● The task
The copy should begin at the line containing "Please identify and" and end at the last line of the material. Please reproduce those lines exactly and keep pictures out.

● Material for the task
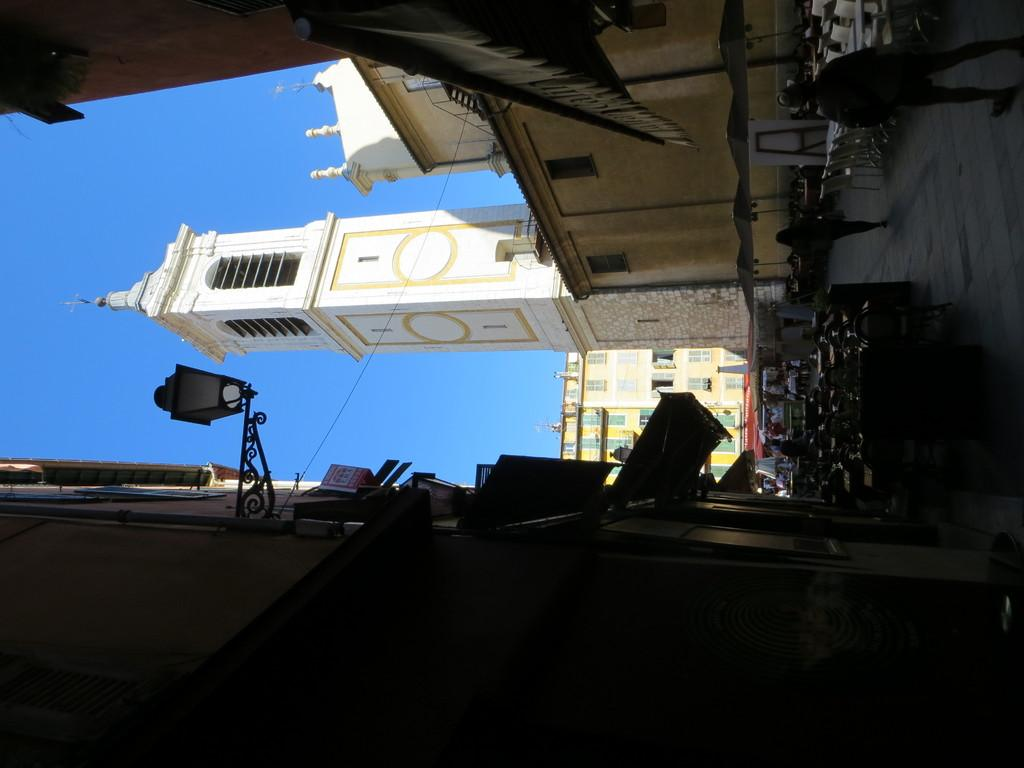What type of structures are present in the image? There are buildings in the image. What type of furniture is visible in the image? There are tables and chairs in the image. Can you describe the people in the image? There is a group of people in the image. Where is the light source located in the image? There is a light on the left side of the image. What is the eye color of the person in the image? There is no specific person mentioned in the image, and therefore no eye color can be determined. What is the argument about in the image? There is no argument present in the image; it features buildings, tables, chairs, a group of people, and a light. 
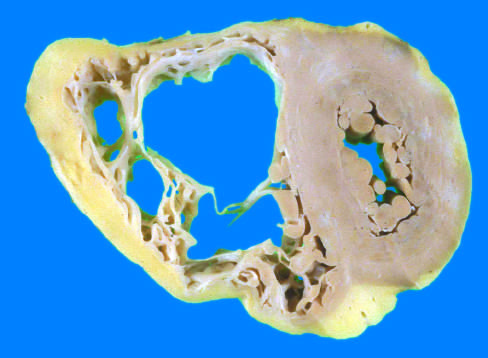s the right ventricle markedly dilated with focal, almost transmural replacement of the free wall by adipose tissue and fibrosis?
Answer the question using a single word or phrase. Yes 
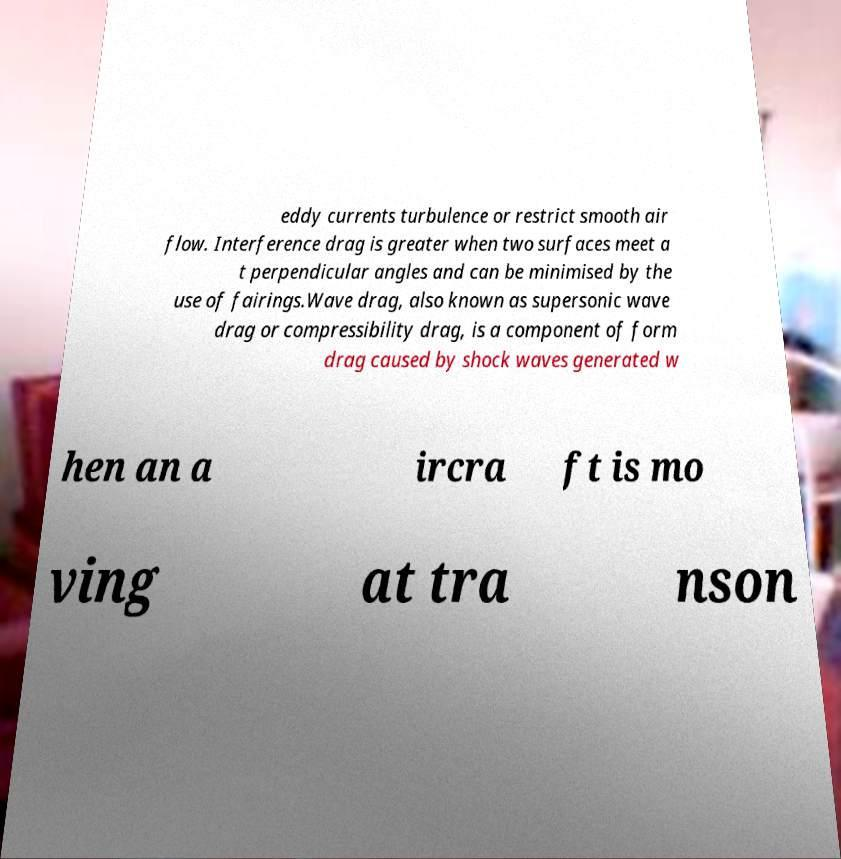Please identify and transcribe the text found in this image. eddy currents turbulence or restrict smooth air flow. Interference drag is greater when two surfaces meet a t perpendicular angles and can be minimised by the use of fairings.Wave drag, also known as supersonic wave drag or compressibility drag, is a component of form drag caused by shock waves generated w hen an a ircra ft is mo ving at tra nson 
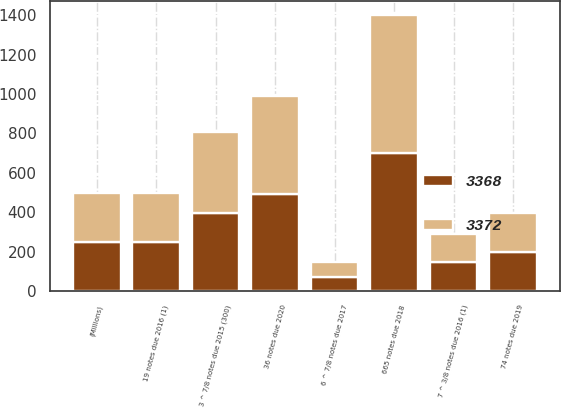<chart> <loc_0><loc_0><loc_500><loc_500><stacked_bar_chart><ecel><fcel>(Millions)<fcel>3 ^ 7/8 notes due 2015 (300)<fcel>19 notes due 2016 (1)<fcel>7 ^ 3/8 notes due 2016 (1)<fcel>6 ^ 7/8 notes due 2017<fcel>665 notes due 2018<fcel>74 notes due 2019<fcel>36 notes due 2020<nl><fcel>3372<fcel>249<fcel>413<fcel>249<fcel>146<fcel>74<fcel>700<fcel>198<fcel>495<nl><fcel>3368<fcel>249<fcel>395<fcel>249<fcel>146<fcel>74<fcel>700<fcel>198<fcel>495<nl></chart>

● Written response
Please identify and transcribe the text found in this image. eddy currents turbulence or restrict smooth air flow. Interference drag is greater when two surfaces meet a t perpendicular angles and can be minimised by the use of fairings.Wave drag, also known as supersonic wave drag or compressibility drag, is a component of form drag caused by shock waves generated w hen an a ircra ft is mo ving at tra nson 
<chart> <loc_0><loc_0><loc_500><loc_500><stacked_bar_chart><ecel><fcel>(Millions)<fcel>3 ^ 7/8 notes due 2015 (300)<fcel>19 notes due 2016 (1)<fcel>7 ^ 3/8 notes due 2016 (1)<fcel>6 ^ 7/8 notes due 2017<fcel>665 notes due 2018<fcel>74 notes due 2019<fcel>36 notes due 2020<nl><fcel>3372<fcel>249<fcel>413<fcel>249<fcel>146<fcel>74<fcel>700<fcel>198<fcel>495<nl><fcel>3368<fcel>249<fcel>395<fcel>249<fcel>146<fcel>74<fcel>700<fcel>198<fcel>495<nl></chart>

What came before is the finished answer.